The blockchain technology enables new business models and processes. As for every technology which breaks new land a solid legal analyse is indispensable. The developer must be aware of all relevant restrictions and standards, which must be fulfilled to successfully bring the project off the ground.
According to the EU General Data Protection Regulation (GDPR), which is entered into force on May 25th, 2018 the non-compliant organisation or person can also be faced with heavy fines and compensation and liability payments toward any person who has suffered material or non-material damage as a result of an infringement. Even if developers of a blockchain project are usually neither controllers nor processors, they should consider the data protection aspects in the software design process. Non-compliance with data protection regulations can jeopardize blockchain projects and business models by orders from data protection authorities.
How can a developer avoid pitfalls?
Generally, you should make sure that the project complies with the highest standards. As the blockchain is global by nature, we recommend the GDPR as standard. The EU legislation is generally user friendly, however, sometimes difficult to comply with.

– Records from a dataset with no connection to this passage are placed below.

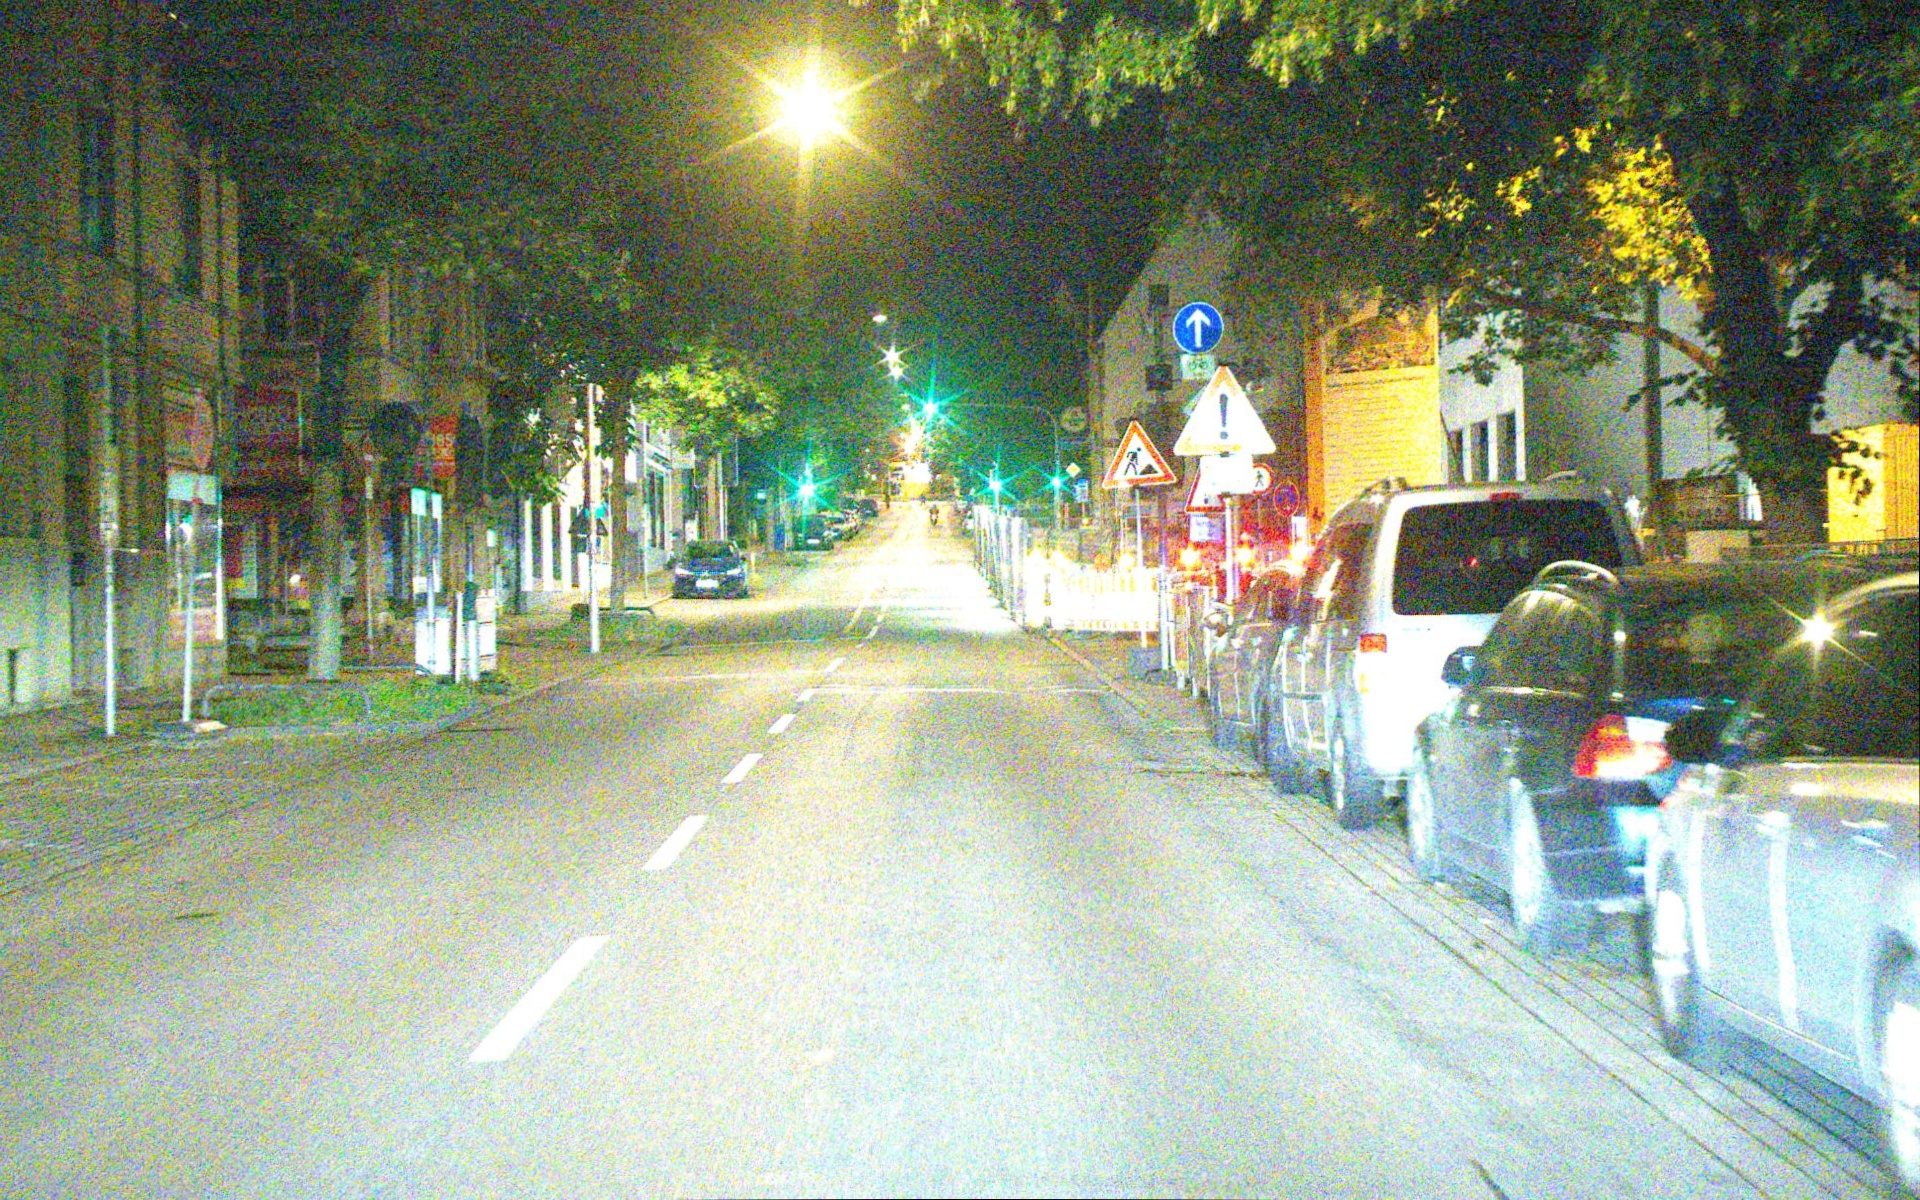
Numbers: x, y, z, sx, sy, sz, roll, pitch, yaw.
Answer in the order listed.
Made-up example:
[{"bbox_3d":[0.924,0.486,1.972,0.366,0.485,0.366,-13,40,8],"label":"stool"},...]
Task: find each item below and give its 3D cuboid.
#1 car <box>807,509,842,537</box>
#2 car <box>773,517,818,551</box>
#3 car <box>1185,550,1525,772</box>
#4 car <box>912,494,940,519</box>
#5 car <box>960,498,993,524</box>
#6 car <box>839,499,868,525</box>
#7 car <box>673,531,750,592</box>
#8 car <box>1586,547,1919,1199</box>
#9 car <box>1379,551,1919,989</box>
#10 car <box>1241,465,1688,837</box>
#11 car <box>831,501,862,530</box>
[{"bbox_3d":[-7.738,-4.383,196.334,1.873,1.539,4.205,-1,2,-1],"label":"car"},{"bbox_3d":[-7.565,-3.052,158.544,1.873,1.539,4.205,-1,2,-1],"label":"car"},{"bbox_3d":[2.745,0.372,24.780,1.727,1.414,4.324,-1,1,-3],"label":"car"},{"bbox_3d":[-2.451,-6.744,248.150,1.873,1.808,4.205,-1,2,1],"label":"car"},{"bbox_3d":[0.992,-5.430,209.297,1.873,1.539,4.205,-1,2,-1],"label":"car"},{"bbox_3d":[-7.376,-6.116,238.517,1.873,1.808,4.205,-1,2,1],"label":"car"},{"bbox_3d":[-6.254,-0.989,86.861,1.671,1.438,4.205,-1,2,-1],"label":"car"},{"bbox_3d":[2.858,0.617,8.694,1.739,1.472,4.000,-3,1,0],"label":"car"},{"bbox_3d":[2.851,0.548,13.910,1.686,1.416,4.444,-2,1,0],"label":"car"},{"bbox_3d":[2.757,0.223,19.728,1.735,1.848,4.317,-2,1,-2],"label":"car"},{"bbox_3d":[-7.260,-5.419,220.571,1.873,1.808,4.205,-1,2,-1],"label":"car"}]
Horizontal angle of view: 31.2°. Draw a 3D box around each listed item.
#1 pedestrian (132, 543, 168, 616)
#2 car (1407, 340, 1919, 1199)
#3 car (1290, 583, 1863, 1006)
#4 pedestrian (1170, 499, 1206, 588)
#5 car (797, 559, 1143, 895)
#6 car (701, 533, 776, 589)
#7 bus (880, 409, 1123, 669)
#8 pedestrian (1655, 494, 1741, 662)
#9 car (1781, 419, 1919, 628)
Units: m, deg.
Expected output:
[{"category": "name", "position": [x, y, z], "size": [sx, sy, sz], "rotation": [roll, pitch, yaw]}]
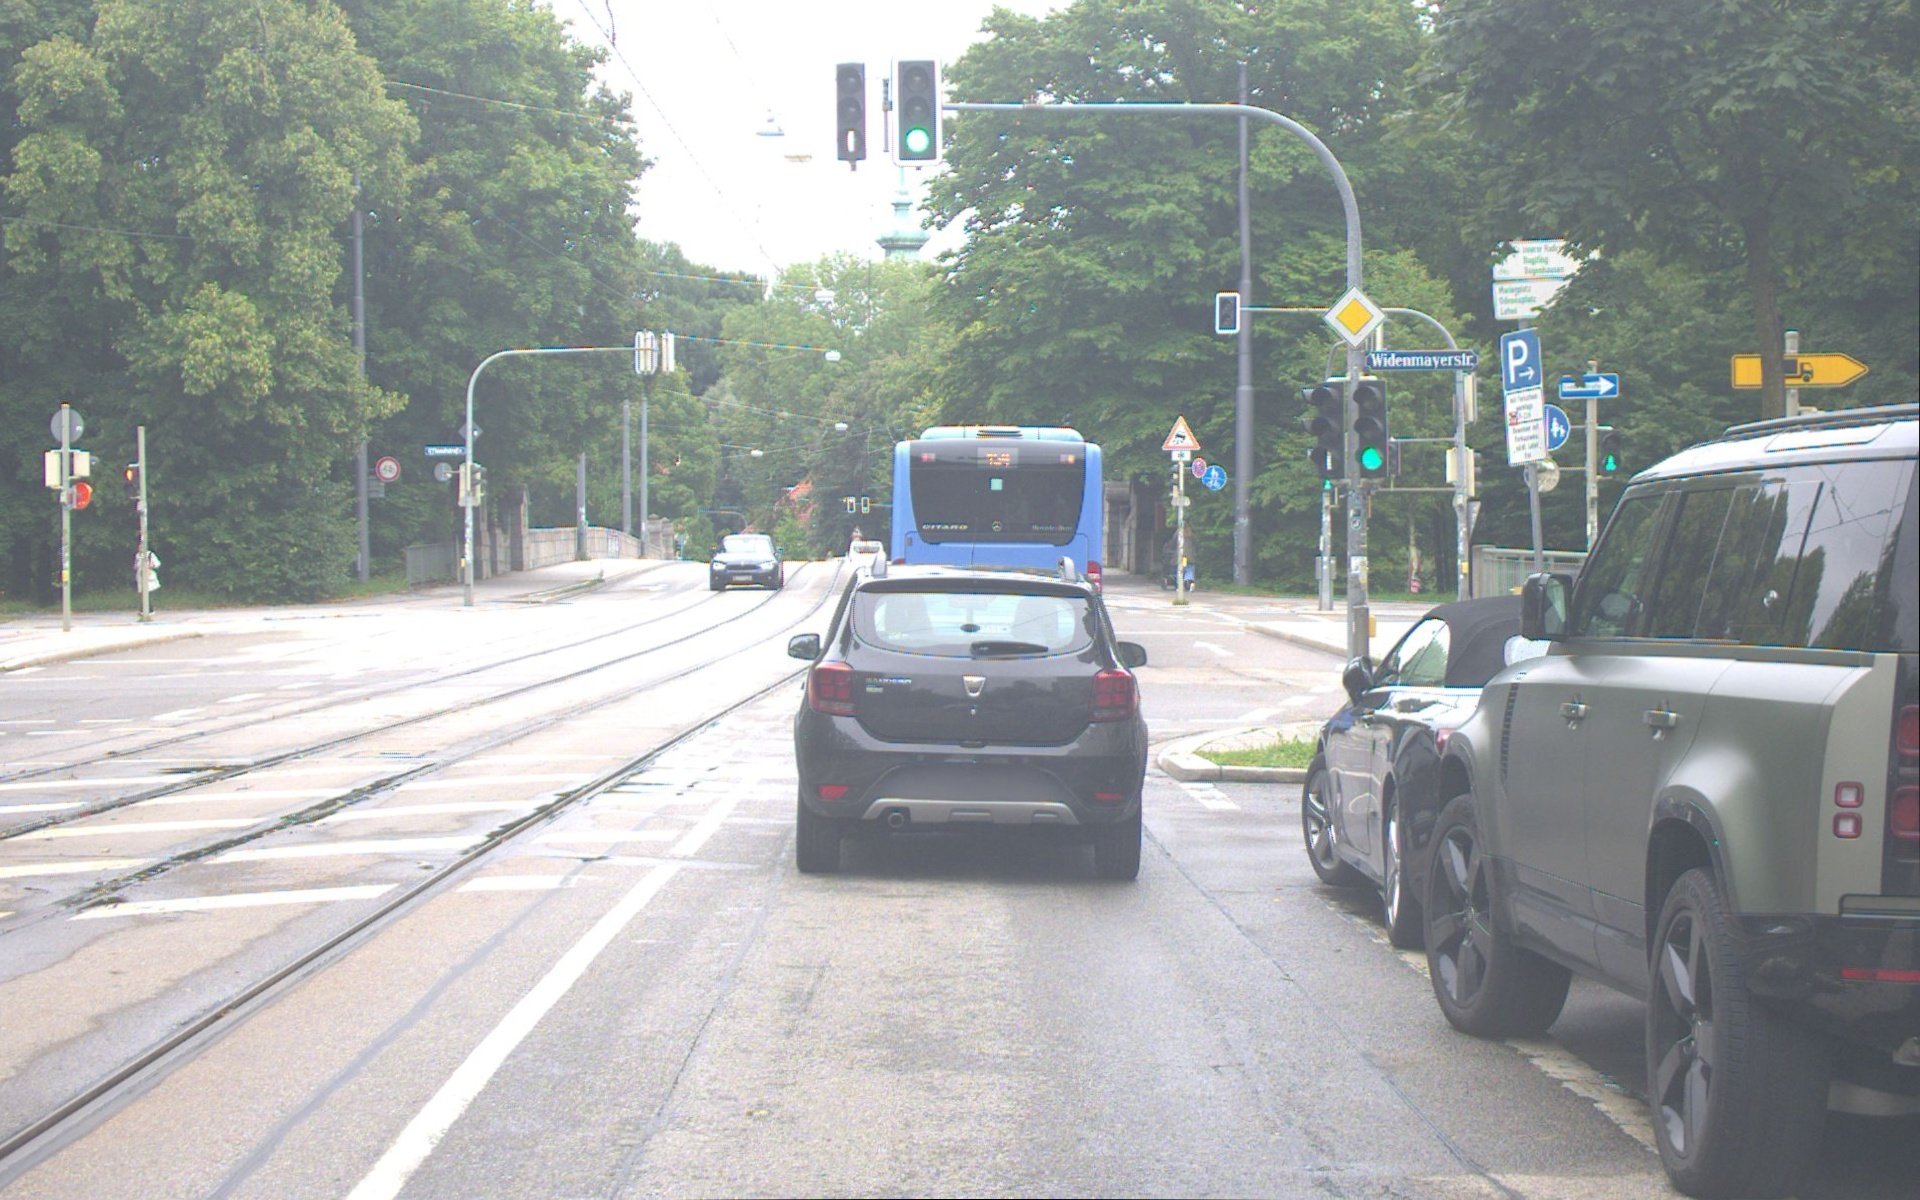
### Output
[{"category": "pedestrian", "position": [-16.819, -0.433, 71.381], "size": [0.532, 1.496, 0.588], "rotation": [1, 0, 4]}, {"category": "car", "position": [2.630, 0.426, 9.495], "size": [1.914, 1.899, 4.808], "rotation": [1, 0, -3]}, {"category": "car", "position": [2.577, 0.737, 15.373], "size": [1.714, 1.586, 4.327], "rotation": [1, 0, 0]}, {"category": "pedestrian", "position": [5.517, -1.361, 83.263], "size": [0.762, 2.109, 0.853], "rotation": [1, 0, 0]}, {"category": "car", "position": [0.017, 0.595, 18.033], "size": [1.600, 1.551, 3.525], "rotation": [1, 0, -1]}, {"category": "car", "position": [-5.748, -1.004, 89.447], "size": [1.787, 1.365, 3.400], "rotation": [1, 0, -2]}, {"category": "bus", "position": [0.413, -0.738, 43.925], "size": [2.678, 2.987, 6.961], "rotation": [1, 0, -2]}, {"category": "pedestrian", "position": [8.985, -0.272, 41.868], "size": [0.830, 2.007, 0.780], "rotation": [1, 0, 0]}, {"category": "car", "position": [13.585, -0.919, 44.474], "size": [5.295, 2.604, 2.231], "rotation": [1, 0, -3]}]
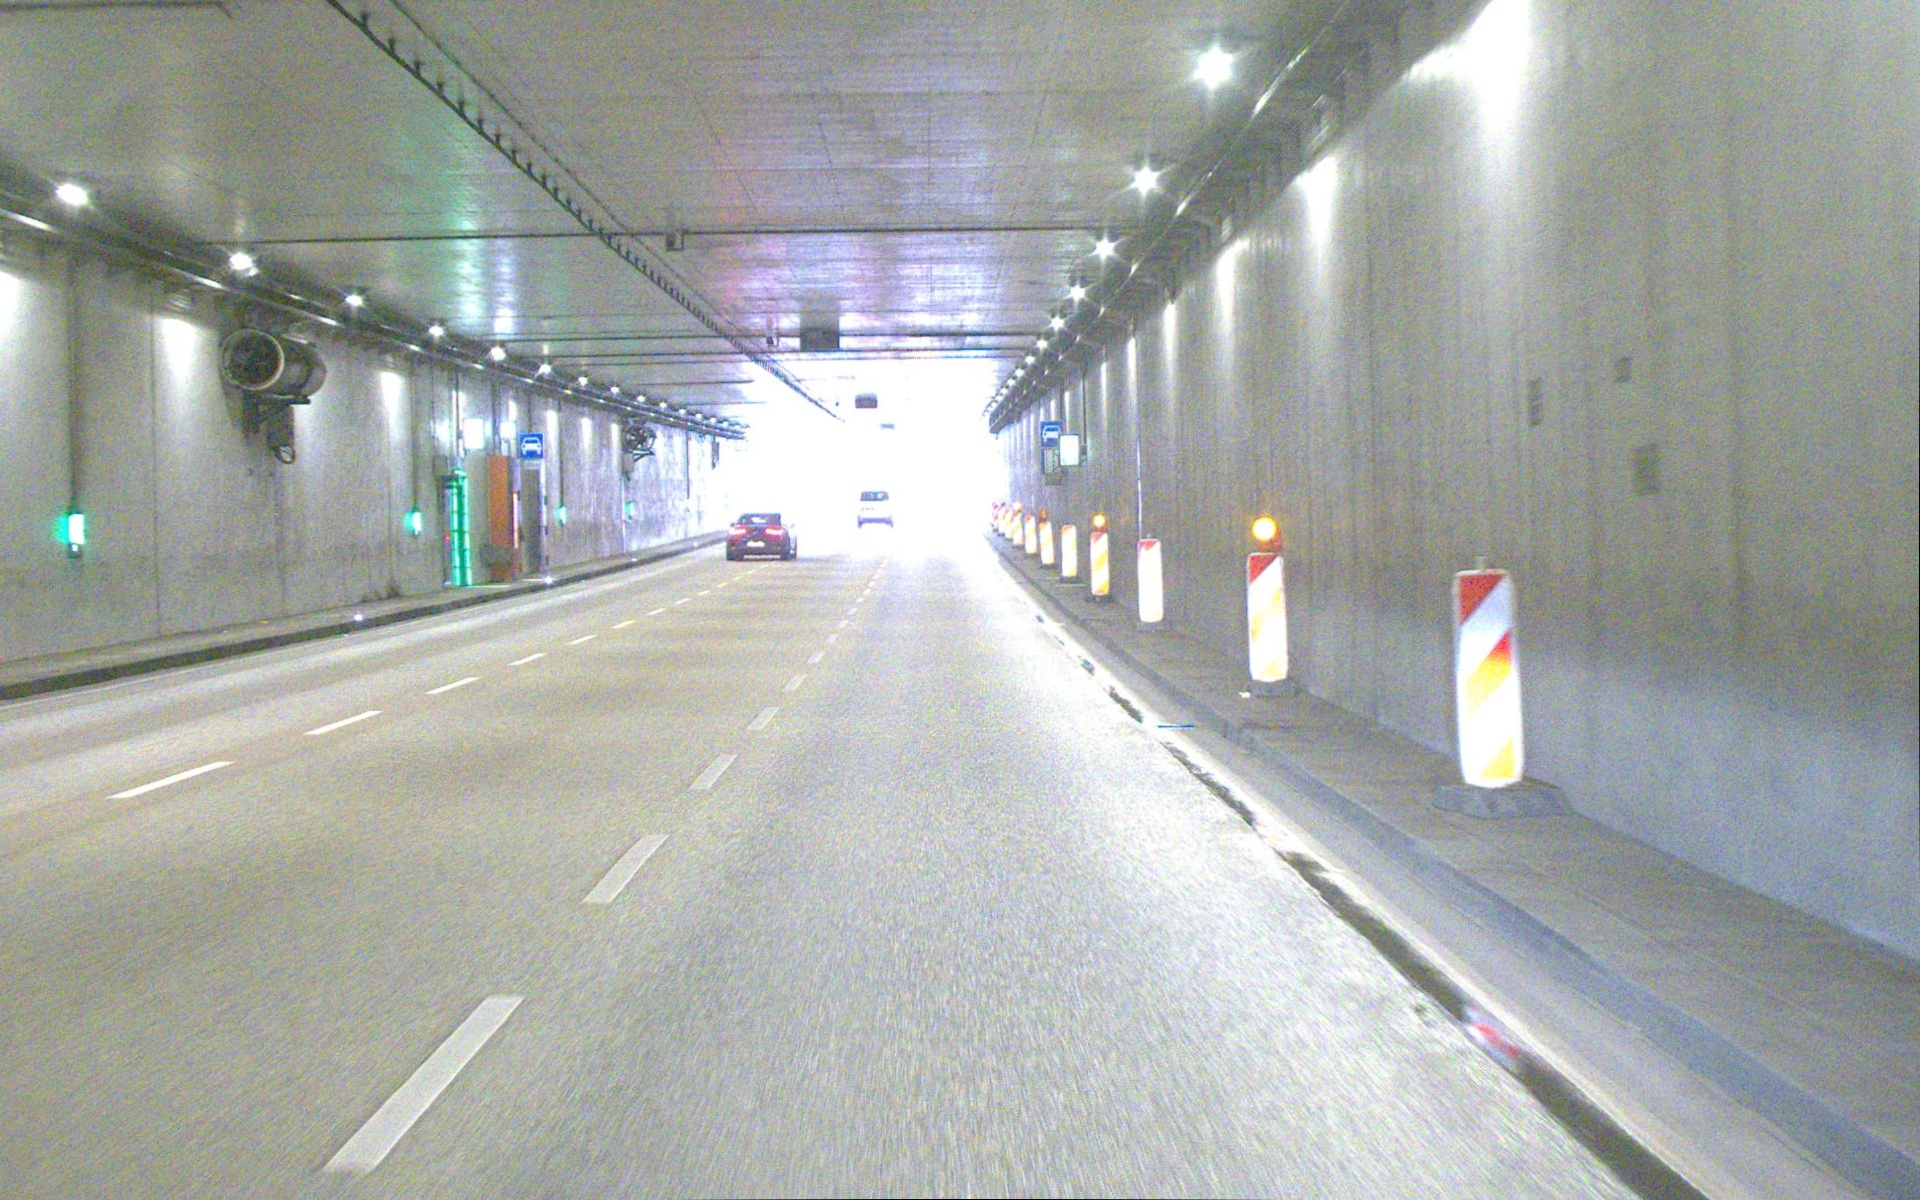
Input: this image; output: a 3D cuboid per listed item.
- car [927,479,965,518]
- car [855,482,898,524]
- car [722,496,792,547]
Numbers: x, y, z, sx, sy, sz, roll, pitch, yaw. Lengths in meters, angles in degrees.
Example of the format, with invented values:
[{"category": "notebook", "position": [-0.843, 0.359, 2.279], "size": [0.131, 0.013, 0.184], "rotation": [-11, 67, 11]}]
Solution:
[{"category": "car", "position": [-0.767, -5.431, 184.527], "size": [1.993, 2.007, 4.000], "rotation": [0, 1, 0]}, {"category": "car", "position": [-4.097, -4.780, 169.212], "size": [1.993, 2.007, 4.000], "rotation": [0, 1, 0]}, {"category": "car", "position": [-6.054, -2.329, 102.042], "size": [1.993, 1.443, 4.315], "rotation": [1, 1, -4]}]

Under the GDPR personal data are defined as information which are related to an identified or identifiable natural person, whereas a person is considered as identifiable if there are means reasonably likely to be used for identification by the data controller or any other person. Even though information on the blockchain are pseudonymised, as soon as blockchain transactions are combined with off-chain goods making a connection between the pseudomysed data and the data subject is possible. In pure on-chain-transaction models, identification will be more difficult, however, not impossible. Therefore, in general there is a strong case for arguing that individual-related information on the blockchain is personal data.
The main issues for the blockchain technology with regard to data protection are the rights to rectification and to be forgotten as provided in Art. 16 and 17 GDPR. According to these rights the data subject has the right to claim rectification of inaccurate personal data of him/her or to claim erasure from the data controller of personal data if these data are no longer necessary for the purposes for which they were collected or processed or if the data subject withdraws its consent and there is no other legal ground for processing. In this context there are generally speaking two main challenges:
- First of all, there is no data controller in a public blockchain since the blockchain is decentralized. In most cases the miners cannot determine the content of the blockchain. Therefore, it is unclear, who could fulfil data subjects’ claim of rectification or erase.
- Secondly the blockchain architecture may technologically even preclude a simple rectification/deletion upon request by the data subject, since the data stored on-chain cannot be altered without acceptance of other nodes.
Having these challenges in mind, already at an early conceptional stage, privacy issues should be on the agenda of the architects and developers of the blockchain project. The earlier your team deals with privacy issues the lower is the risk that a blockchain application must be adapted or even rebuilt. The GDPR requires also privacy by design and by default. Privacy by design and default means implementation of appropriate technical and organisational measures for ensuring that, by default, only personal data which are necessary for each specific purpose of the processing are processed. Possible technical measures to ensure data protection are secure multi-party computation, chameleon hash functions, codifications and zero knowledge proofs.
Furthermore, the GDPR requires in some cases (1) prior to the processing a Data Protection Impact Assessment (DPIA). DPIA is a process designed to describe the processing, assess the necessity and proportionality of a processing and to help manage the risks to the rights and freedoms of natural persons resulting from the processing of personal data. DPIA is an important tool for accountability. It helps controllers not only to comply with requirements of the GDPR, but also to demonstrate that appropriate measures have been taken to ensure compliance with the regulation. DPIA is, therefore, a process for building and demonstrating compliance. (2)
But also once the project is running a careful developer must monitor the “legal climate” and how authorities deal with privacy and other issues on the blockchain. The issuers must be ready to answer all questions and give the necessary assurance to authorities. An efficient way to ensure that all Data Protection requirements are met is to get privacy certificates (such as the ePrivacy seal; www.eprivacy.eu).
The blockchain technology is still in its infancy and not all legal questions are clarified yet. Consequently, it is very important to have an eye on the development of the legal environment, especially regarding data protection issues, and be ready to implement changes as fast as possible. In the long run, will the data protection not only have an impact on the success of the project but also have a negative or positive impact on the value of any token.